We first note that this case comes before us from a dismissal on the pleadings alone. In this context, we find that Officer Doe has plausibly alleged that Mckesson breached his duty of reasonable care in the course of organizing and leading the Baton Rouge demonstration. The complaint specifically alleges that it was Mckesson himself who intentionally led the demonstrators to block the highway. Blocking a public highway is a criminal act under Louisiana law. See La. Rev. Stat. Ann. § 14:97. As such, it was patently foreseeable that the Baton Rouge police would be required to respond to the demonstration by clearing the highway and, when necessary, making arrests. Given the intentional lawlessness of this aspect of the demonstration, Mckesson should have known that leading the demonstrators onto a busy highway was most nearly certain to provoke a confrontation between police and the mass of demonstrators, yet he ignored the foreseeable danger to officers, bystanders, and demonstrators, and notwithstanding, did so anyway. By ignoring the foreseeable risk of violence that his actions created, Mckesson failed to exercise reasonable care in conducting his demonstration.

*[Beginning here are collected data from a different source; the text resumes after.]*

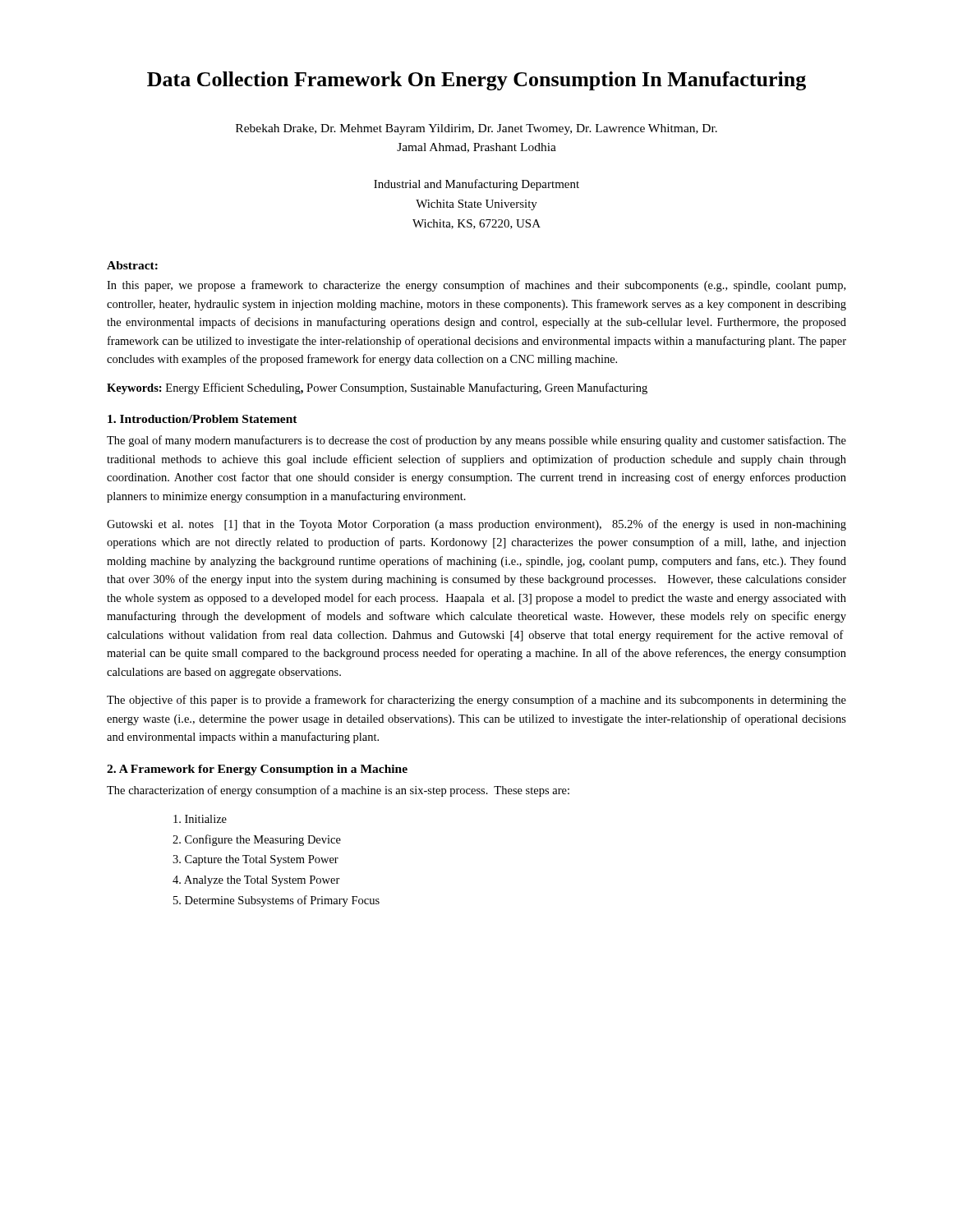Find the block on this page that starts "Gutowski et al. notes [1]"
Screen dimensions: 1232x953
coord(476,598)
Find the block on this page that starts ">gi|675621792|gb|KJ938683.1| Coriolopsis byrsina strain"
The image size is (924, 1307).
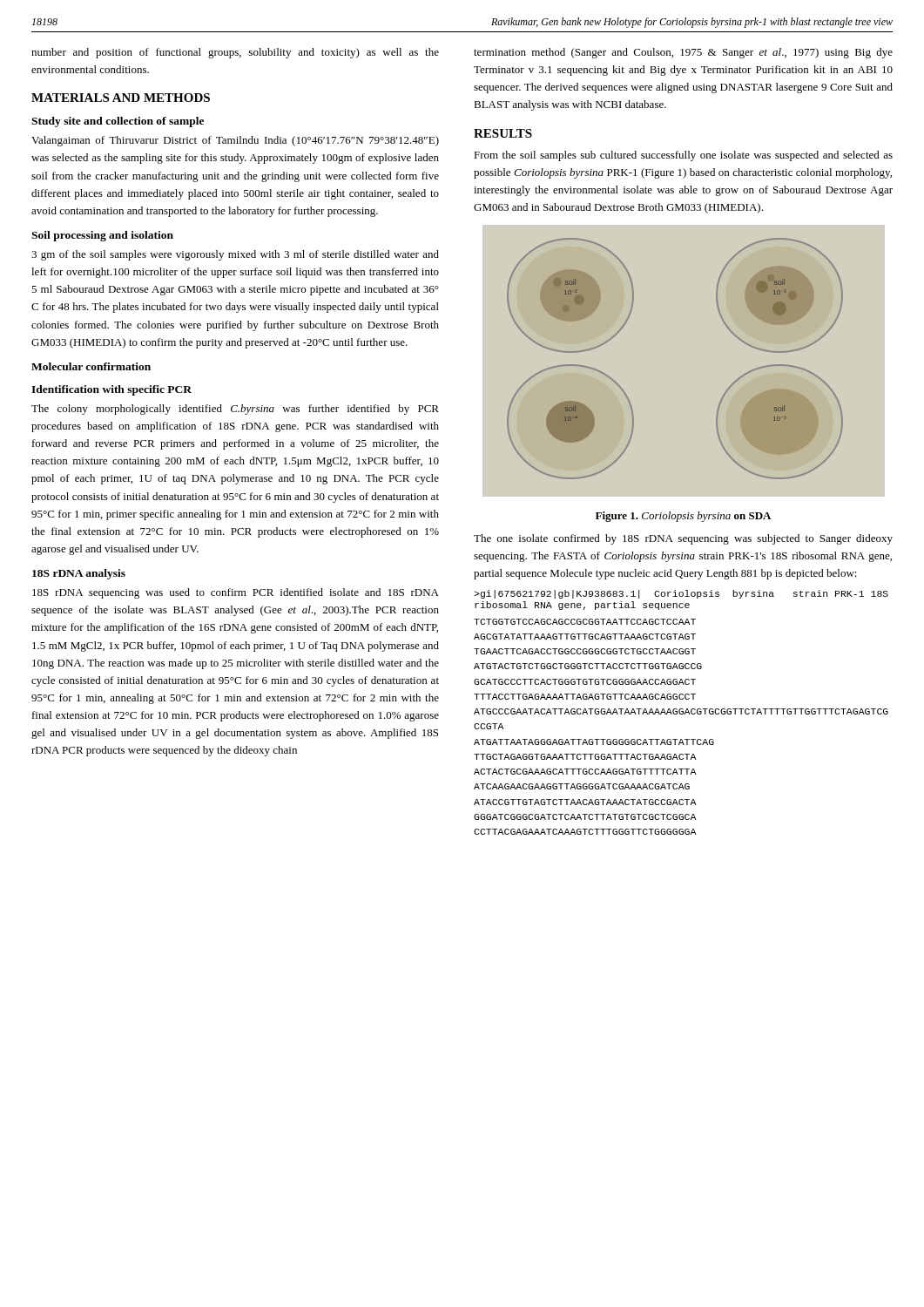point(681,599)
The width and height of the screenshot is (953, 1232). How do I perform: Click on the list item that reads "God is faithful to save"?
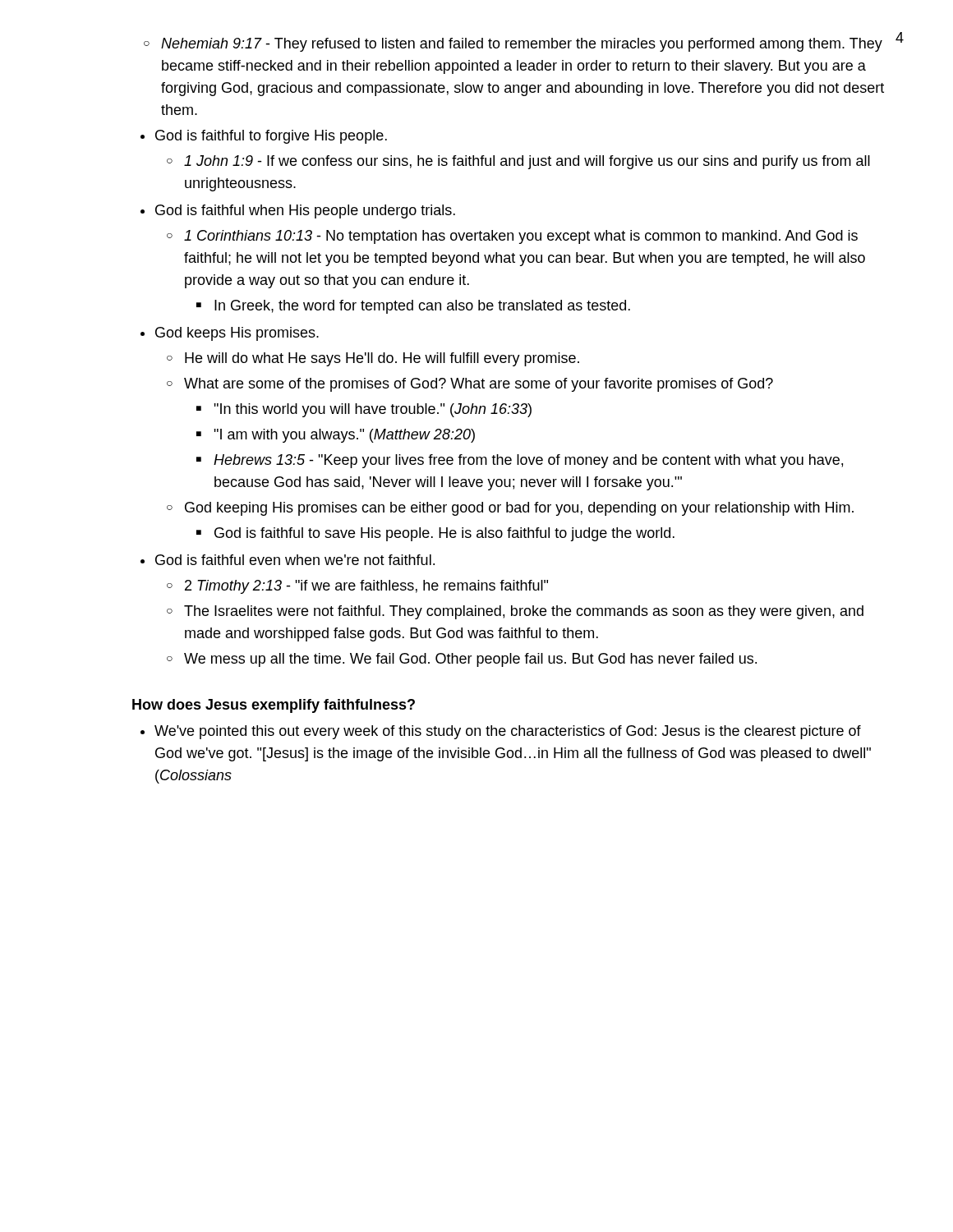point(445,533)

There’s so many things wrong with the application of the negligence theory to this set of facts. First off, protests almost always “provoke a confrontation” between protesters and law enforcement — even those that are completely legal in all other respects. Second, the illegal actions of individual members of a protest are their own. They should not be the legal responsibility of other participants in the protests.

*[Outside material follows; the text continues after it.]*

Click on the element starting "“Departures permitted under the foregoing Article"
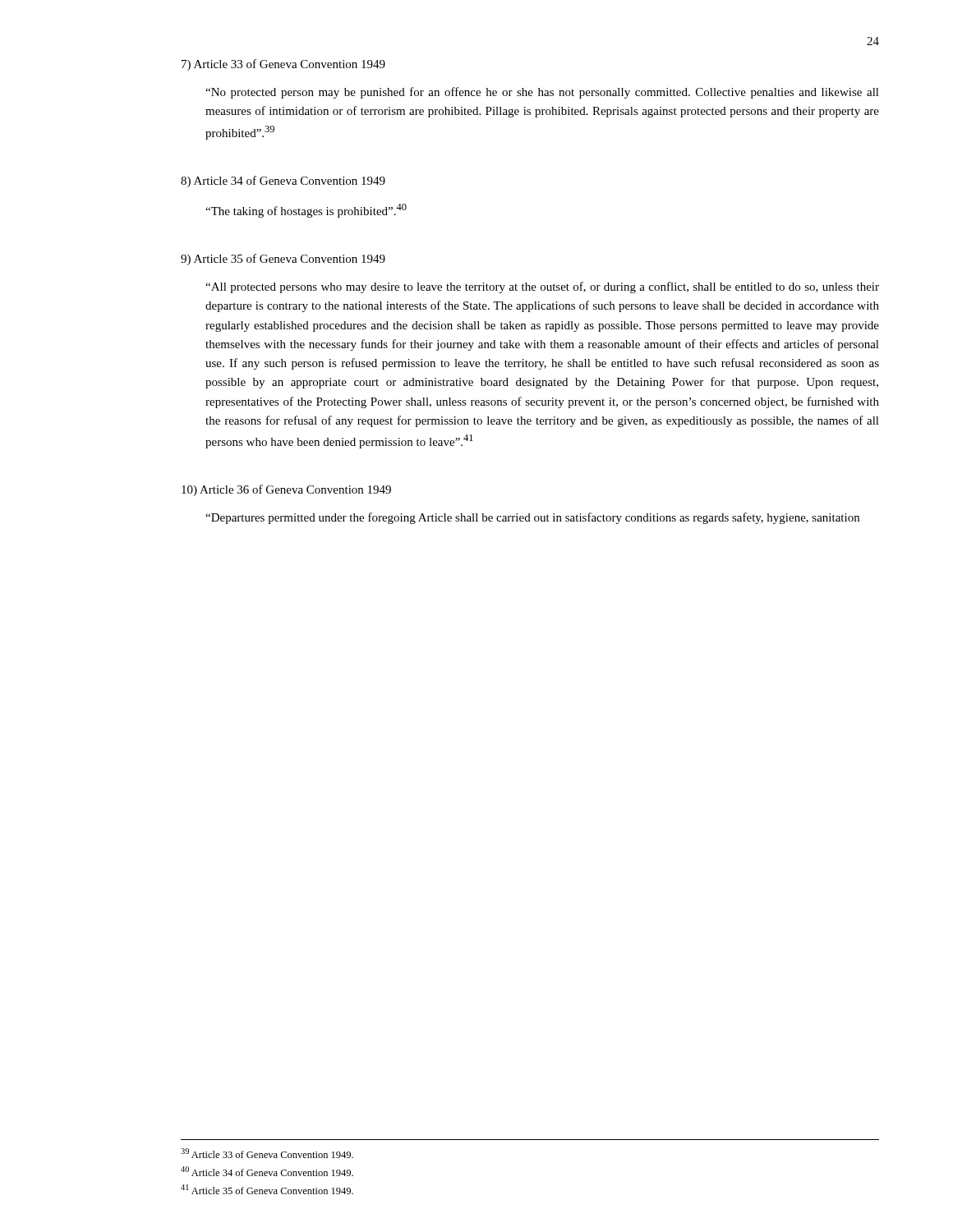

But that’s how the court sees it. DeRay McKesson will have to defend himself against a ridiculous lawsuit because he supposedly “provoked a violent confrontation” with police officers by… blocking a road. The Appeals Court says this doesn’t necessarily mean the lower court will find McKesson is responsible after further fact finding, but it does mean someone participating in protected speech will have to foot the bill for absolving himself of actions taken by other protest participants.

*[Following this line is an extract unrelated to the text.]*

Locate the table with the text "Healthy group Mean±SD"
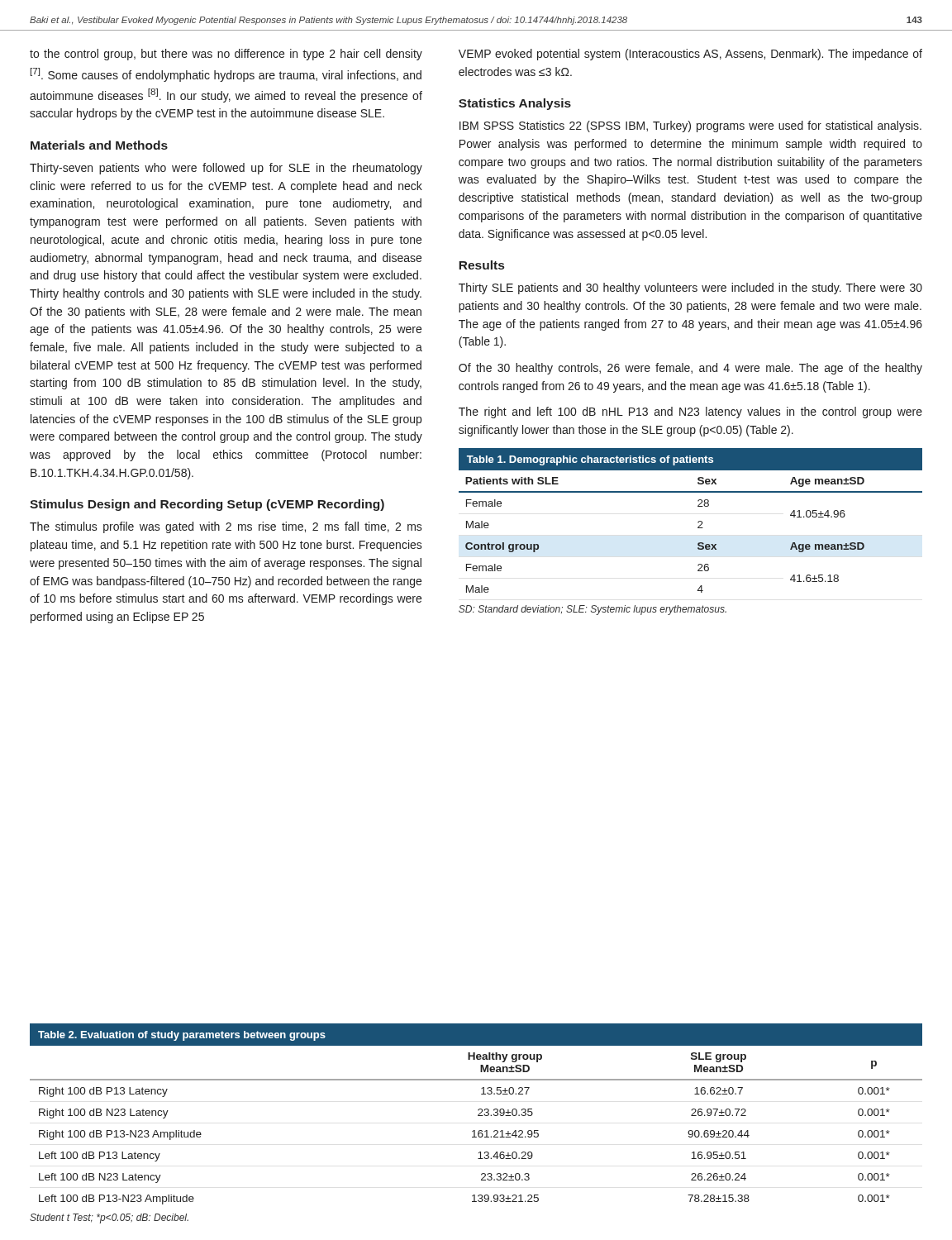 (x=476, y=1127)

As for the First Amendment, the court asks it to take a seat on the bench until Officer Doe’s done exploring his novel legal theory.
Our discussion above makes clear that Officer Doe’s complaint does allege that Mckesson directed the demonstrators to engage in the criminal act of occupying the public highway, which quite consequentially provoked a confrontation between the Baton Rouge police and the protesters, and that Officer Doe’s injuries were the foreseeable result of the tortious and illegal conduct of blocking a busy highway. Thus, on the pleadings, which must be read in a light most favorable to Officer Doe, the First Amendment is not a bar to Officer Doe’s negligence theory. The district court erred by dismissing Officer Doe’s complaint—at the pleading stage—as barred by the First Amendment.
The district court may not find in favor of Officer Doe, but the Fifth Circuit Court of Appeals has made it clear people leading protests can be held responsible for the actions of individual protesters, if any action they take makes it more likely police are going to interact with demonstrators. This allows police officers to view protesters not only as criminals in need of rounding up, but lawsuit targets if any single protester injures them. First Amendment protections don’t cover hurling projectiles at police, but the responsibility should be borne solely by those throwing objects at officers, not other participants.